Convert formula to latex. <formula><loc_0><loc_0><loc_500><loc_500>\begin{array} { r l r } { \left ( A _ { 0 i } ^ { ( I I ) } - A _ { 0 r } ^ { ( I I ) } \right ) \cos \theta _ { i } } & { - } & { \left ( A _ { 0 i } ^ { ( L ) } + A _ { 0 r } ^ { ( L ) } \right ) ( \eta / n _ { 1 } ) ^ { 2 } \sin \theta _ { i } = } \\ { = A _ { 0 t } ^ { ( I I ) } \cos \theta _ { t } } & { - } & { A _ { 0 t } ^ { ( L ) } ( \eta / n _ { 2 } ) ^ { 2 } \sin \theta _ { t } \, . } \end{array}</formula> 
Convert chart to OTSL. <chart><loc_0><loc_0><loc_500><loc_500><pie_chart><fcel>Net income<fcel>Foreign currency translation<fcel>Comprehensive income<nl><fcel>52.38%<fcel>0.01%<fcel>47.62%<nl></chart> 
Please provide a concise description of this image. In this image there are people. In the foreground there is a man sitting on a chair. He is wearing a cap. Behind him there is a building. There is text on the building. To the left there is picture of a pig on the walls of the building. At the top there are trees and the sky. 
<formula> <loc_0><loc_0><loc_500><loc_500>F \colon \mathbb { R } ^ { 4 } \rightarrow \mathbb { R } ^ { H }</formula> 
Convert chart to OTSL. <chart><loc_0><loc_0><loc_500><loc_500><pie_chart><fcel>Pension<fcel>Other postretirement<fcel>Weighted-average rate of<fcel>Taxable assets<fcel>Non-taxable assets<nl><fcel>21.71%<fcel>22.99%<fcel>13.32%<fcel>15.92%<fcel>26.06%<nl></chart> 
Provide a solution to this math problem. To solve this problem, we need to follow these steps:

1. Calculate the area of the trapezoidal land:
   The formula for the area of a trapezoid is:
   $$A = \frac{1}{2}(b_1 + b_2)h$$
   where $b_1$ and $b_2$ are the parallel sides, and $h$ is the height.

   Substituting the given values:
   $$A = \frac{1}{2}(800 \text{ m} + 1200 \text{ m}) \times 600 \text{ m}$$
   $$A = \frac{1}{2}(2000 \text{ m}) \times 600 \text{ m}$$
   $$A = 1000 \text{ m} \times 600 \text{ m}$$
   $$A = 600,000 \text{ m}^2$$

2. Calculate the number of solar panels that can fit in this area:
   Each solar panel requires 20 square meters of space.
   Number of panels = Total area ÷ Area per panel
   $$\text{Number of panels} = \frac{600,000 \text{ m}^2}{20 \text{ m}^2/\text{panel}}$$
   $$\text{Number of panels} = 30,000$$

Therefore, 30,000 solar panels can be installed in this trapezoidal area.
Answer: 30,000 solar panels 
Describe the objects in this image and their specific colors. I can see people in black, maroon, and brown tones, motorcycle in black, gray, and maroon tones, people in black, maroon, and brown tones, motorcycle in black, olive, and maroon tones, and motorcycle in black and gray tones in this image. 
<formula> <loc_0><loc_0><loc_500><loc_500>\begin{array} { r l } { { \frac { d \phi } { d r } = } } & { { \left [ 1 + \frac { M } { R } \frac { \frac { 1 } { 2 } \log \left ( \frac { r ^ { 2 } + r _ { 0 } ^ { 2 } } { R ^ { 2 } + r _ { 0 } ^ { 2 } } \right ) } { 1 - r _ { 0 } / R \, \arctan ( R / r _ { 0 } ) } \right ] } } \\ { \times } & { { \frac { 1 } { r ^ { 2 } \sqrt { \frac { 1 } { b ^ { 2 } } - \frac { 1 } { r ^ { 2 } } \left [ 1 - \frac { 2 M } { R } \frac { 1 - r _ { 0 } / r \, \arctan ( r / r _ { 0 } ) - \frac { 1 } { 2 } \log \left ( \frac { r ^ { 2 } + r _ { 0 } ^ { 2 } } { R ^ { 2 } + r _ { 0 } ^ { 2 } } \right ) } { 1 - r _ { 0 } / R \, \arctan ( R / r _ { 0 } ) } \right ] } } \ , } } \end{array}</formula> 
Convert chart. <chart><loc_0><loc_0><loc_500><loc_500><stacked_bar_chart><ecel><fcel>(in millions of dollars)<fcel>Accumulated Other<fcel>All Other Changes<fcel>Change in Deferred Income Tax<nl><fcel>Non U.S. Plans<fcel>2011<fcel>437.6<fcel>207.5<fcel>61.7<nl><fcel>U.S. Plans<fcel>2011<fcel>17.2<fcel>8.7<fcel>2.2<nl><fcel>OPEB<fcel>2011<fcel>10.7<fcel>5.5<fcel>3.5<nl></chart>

_ _ _ _ _ _ _

● **WHAT TO PRODUCE**:
Show the lines of the data that hold the word "people".

● **EXPECTED ANSWER**:
Please provide a concise description of this image. In this image there are people. In the foreground there is a man sitting on a chair. He is wearing a cap. Behind him there is a building. There is text on the building. To the left there is picture of a pig on the walls of the building. At the top there are trees and the sky. 
Describe the objects in this image and their specific colors. I can see people in black, maroon, and brown tones, motorcycle in black, gray, and maroon tones, people in black, maroon, and brown tones, motorcycle in black, olive, and maroon tones, and motorcycle in black and gray tones in this image. 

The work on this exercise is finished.